14 DAY TRIAL // When it comes to exploring the Universe by building new telescopes, astronomers need to first select the wavelength range of the electromagnetic spectrum their new instrument will be sensitive to. Most observatories select “conventional” ranges, be they for radio, X-ray, infrared, ultraviolet or visible light data-gathering. But a new pan-European radio astronomy facility observes the earliest Cosmos in a very uncommon set of wavelengths. The Low Frequency Array (LOFAR) produces new information about the earliest black holes and stars in the Universe at very low energy wavelengths.
Recently opened, the telescope has already begun producing its first data, experts managing it announce. Today, at the RAS National Astronomy Meeting (NAM) 2010, expert Dr John McKean, who is based at the Netherlands Institute for Radio Astronomy (ASTRON), will present the first observations conducted with LOFAR. The conference takes place in Glasgow, Scotland, and reunites numerous experts from astronomy-related fields of research.
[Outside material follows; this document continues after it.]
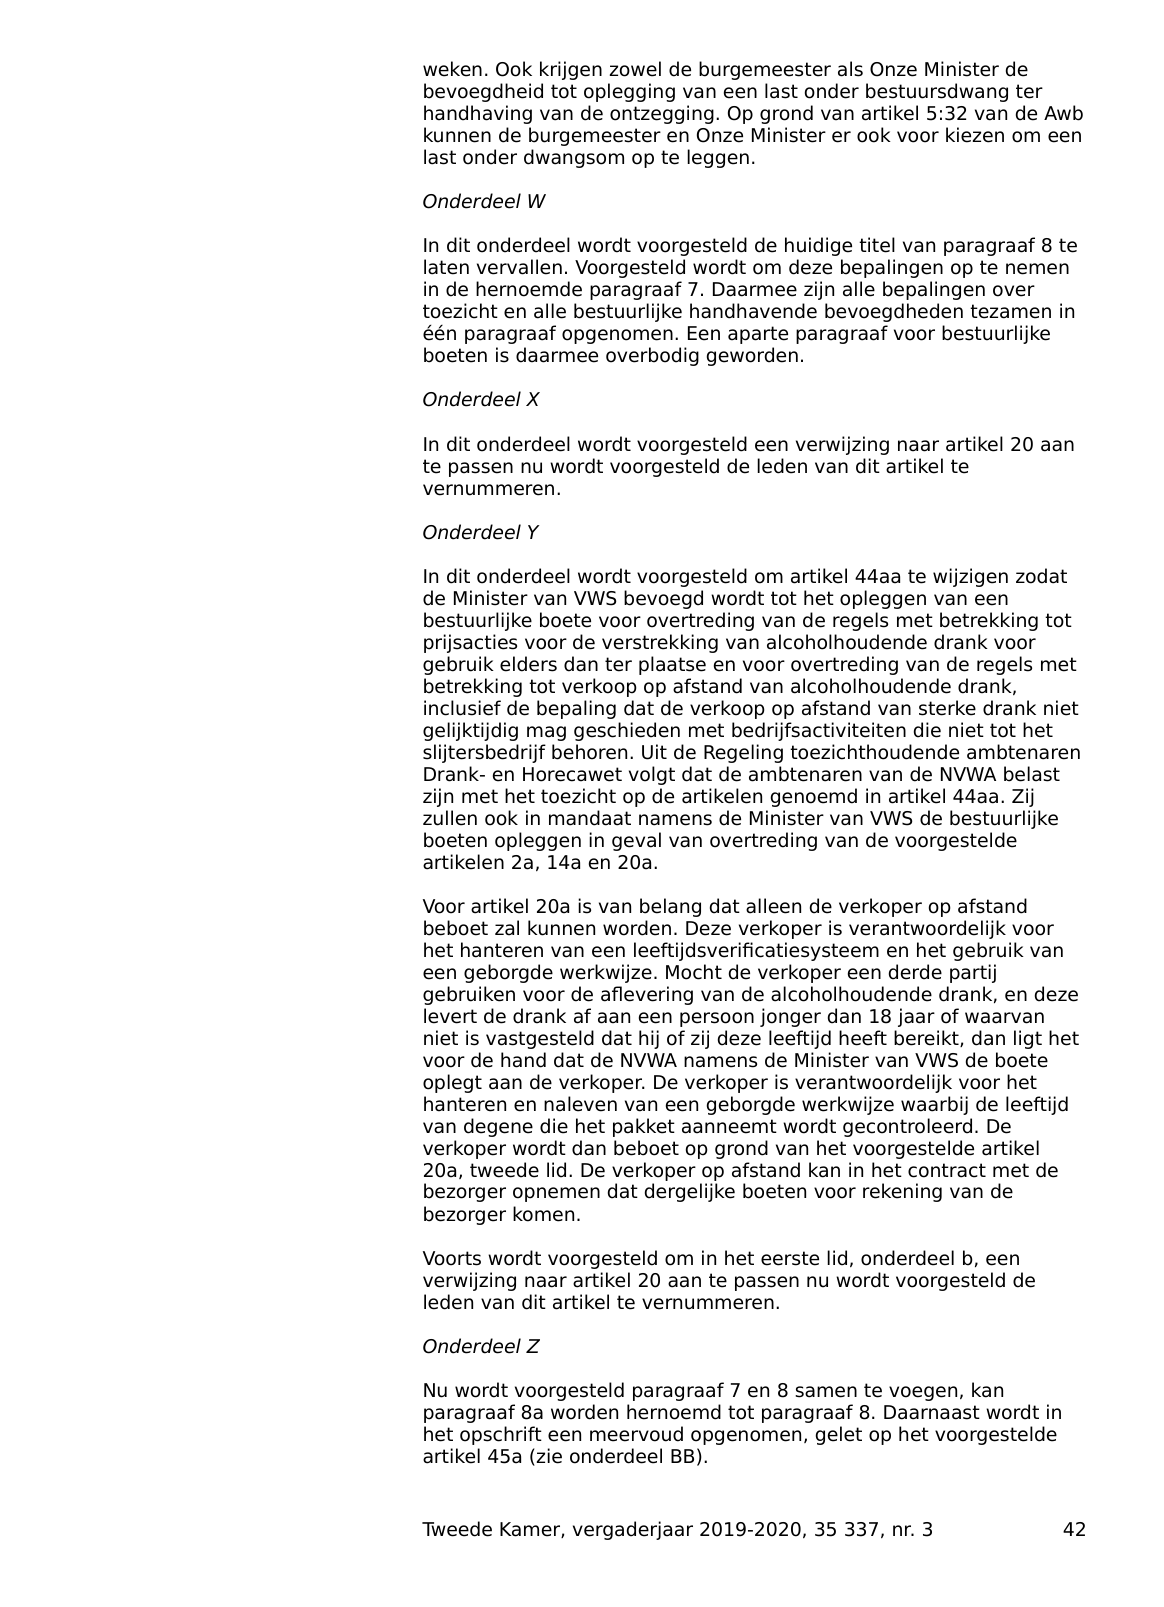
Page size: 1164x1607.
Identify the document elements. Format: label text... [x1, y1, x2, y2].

McKean says that the secondary objective for the new facility is detecting alien civilizations on planets close to our solar system.
Experts hope to use the advanced sensing capabilities of LOFAR to detect faint photons coming in from the very first stars that appeared in the Universe, only 500,000 years after the Big Bang. “We are still in the construction phase of the project, with 21 out of the 44 planned stations in place. But even now, we are producing images of galaxies that are truly outstanding. Our first images show the emission from radio galaxies with jets of material that are ejected at relativistic speeds from the central supermassive black hole, ending with hot-spots as the material clumps together. The image quality from LOFAR is just amazing, compared to telescopes we have been using up until now,” McKean says.
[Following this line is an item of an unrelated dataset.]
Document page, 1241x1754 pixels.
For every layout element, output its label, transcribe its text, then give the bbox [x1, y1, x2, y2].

In addition to these two goals, the array will also be used to look at cosmic ray in a bid to make more sense of their structure and origins. Additionally, it will take a look at pulsars, magnetars and other types of neutron stars in the Milky Way and beyond, and also at the magnetic fields that permeate galaxies. Furthermore, LOFAR will be used to create a comprehensive map of the faintest radio sources in the early Universe. Astronomers hope that this survey will provide them with more clues as to how galaxies tend to form, evolve, and distribute themselves in space over billions of years.
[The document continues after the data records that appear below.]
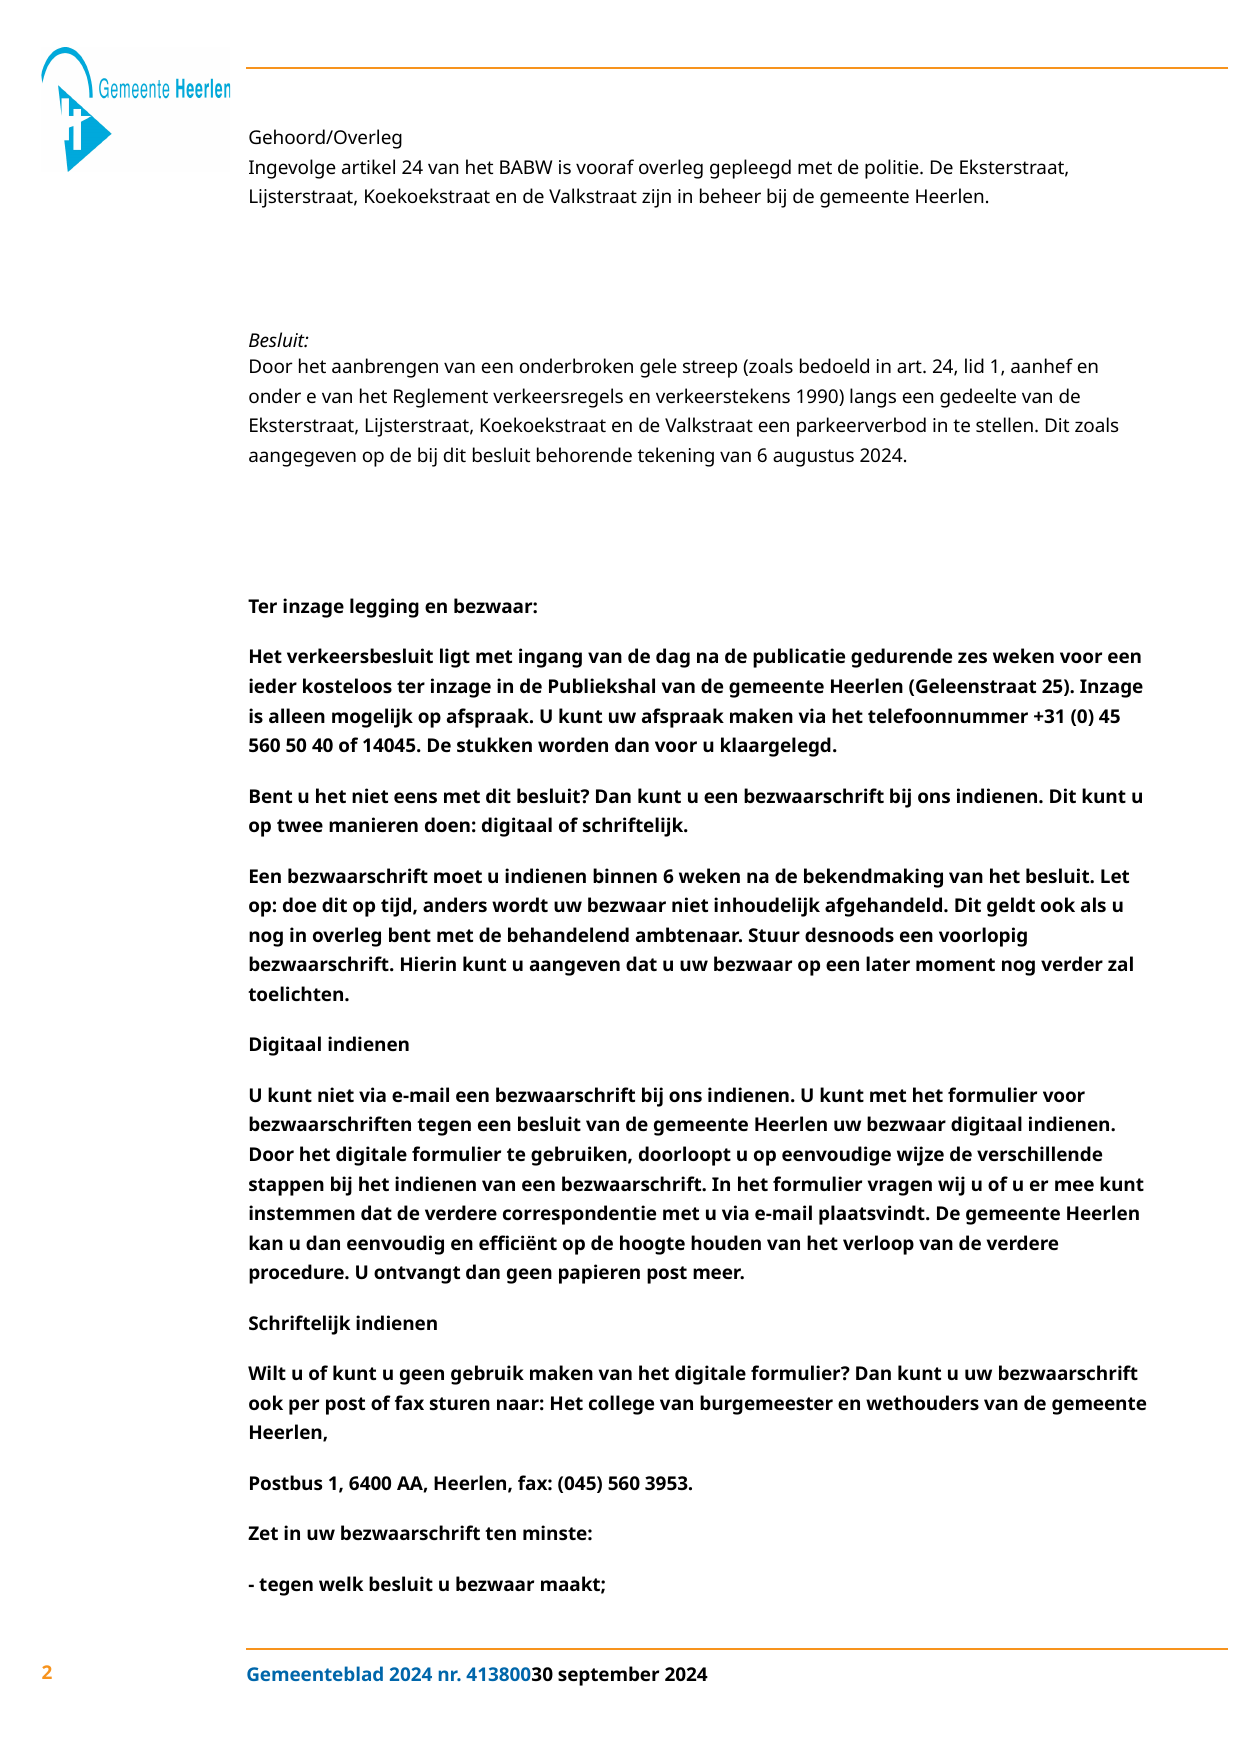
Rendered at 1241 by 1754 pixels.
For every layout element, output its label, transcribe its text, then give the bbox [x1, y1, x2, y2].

text Ingevolge artikel 24 van het BABW is vooraf overleg gepleegd met de politie. De Eksterstraat, Lijsterstraat, Koekoekstraat en de Valkstraat zijn in beheer bij de gemeente Heerlen. [248, 154, 1152, 209]
text Bent u het niet eens met dit besluit? Dan kunt u een bezwaarschrift bij ons indienen. Dit kunt u op twee manieren doen: digitaal of schriftelijk. [248, 783, 1152, 838]
text Digitaal indienen [248, 1032, 1152, 1057]
text Gehoord/Overleg [248, 124, 1152, 150]
text Postbus 1, 6400 AA, Heerlen, fax: (045) 560 3953. [248, 1470, 1152, 1496]
picture [41, 47, 59, 70]
text - tegen welk besluit u bezwaar maakt; [248, 1571, 1152, 1596]
text Zet in uw bezwaarschrift ten minste: [248, 1520, 1152, 1546]
picture [41, 47, 231, 172]
text Schriftelijk indienen [248, 1310, 1152, 1336]
text Een bezwaarschrift moet u indienen binnen 6 weken na de bekendmaking van het besluit. Let op: doe dit op tijd, anders wordt uw bezwaar niet inhoudelijk afgehandeld. Dit geldt ook als u nog in overleg bent met de behandelend ambtenaar. Stuur desnoods een voorlopig bezwaarschrift. Hierin kunt u aangeven dat u uw bezwaar op een later moment nog verder zal toelichten. [248, 863, 1152, 1007]
text Wilt u of kunt u geen gebruik maken van het digitale formulier? Dan kunt u uw bezwaarschrift ook per post of fax sturen naar: Het college van burgemeester en wethouders van de gemeente Heerlen, [248, 1360, 1152, 1445]
text Door het aanbrengen van een onderbroken gele streep (zoals bedoeld in art. 24, lid 1, aanhef en onder e van het Reglement verkeersregels en verkeerstekens 1990) langs een gedeelte van de Eksterstraat, Lijsterstraat, Koekoekstraat en de Valkstraat een parkeerverbod in te stellen. Dit zoals aangegeven op de bij dit besluit behorende tekening van 6 augustus 2024. [248, 353, 1152, 468]
text Besluit: [248, 327, 1152, 353]
text U kunt niet via e-mail een bezwaarschrift bij ons indienen. U kunt met het formulier voor bezwaarschriften tegen een besluit van de gemeente Heerlen uw bezwaar digitaal indienen. Door het digitale formulier te gebruiken, doorloopt u op eenvoudige wijze de verschillende stappen bij het indienen van een bezwaarschrift. In het formulier vragen wij u of u er mee kunt instemmen dat de verdere correspondentie met u via e-mail plaatsvindt. De gemeente Heerlen kan u dan eenvoudig en efficiënt op de hoogte houden van het verloop van de verdere procedure. U ontvangt dan geen papieren post meer. [248, 1082, 1152, 1285]
text Het verkeersbesluit ligt met ingang van de dag na de publicatie gedurende zes weken voor een ieder kosteloos ter inzage in de Publiekshal van de gemeente Heerlen (Geleenstraat 25). Inzage is alleen mogelijk op afspraak. U kunt uw afspraak maken via het telefoonnummer +31 (0) 45 560 50 40 of 14045. De stukken worden dan voor u klaargelegd. [248, 644, 1152, 758]
text Ter inzage legging en bezwaar: [248, 593, 1152, 619]

“LOFAR will scan nearby stars searching for radio emissions which could only be produced by artificial means – a sign that there is a civilization there and that we are not alone. Previous investigations of these stars have concentrated on higher frequencies but, as we do not know at which frequencies an extraterrestrial civilization might choose to emit radio waves, LOFAR will fill an important gap in the search. It is particularly exciting that this is being done by a European team with a pan-European telescope,” says expert Dr Alan Penny. He will be presenting the SETI section of the LOFAR program at the conference today.
“It's exactly 50 years since the first SETI observations were conducted by Frank Drake. LOFAR will expand on conventional SETI search strategies by observing in a very different frequency domain and with a huge field of view. The prospects are intriguing to say the least!” adds the Director General of ASTRON, professor Mike Garrett, quoted by AlphaGalileo.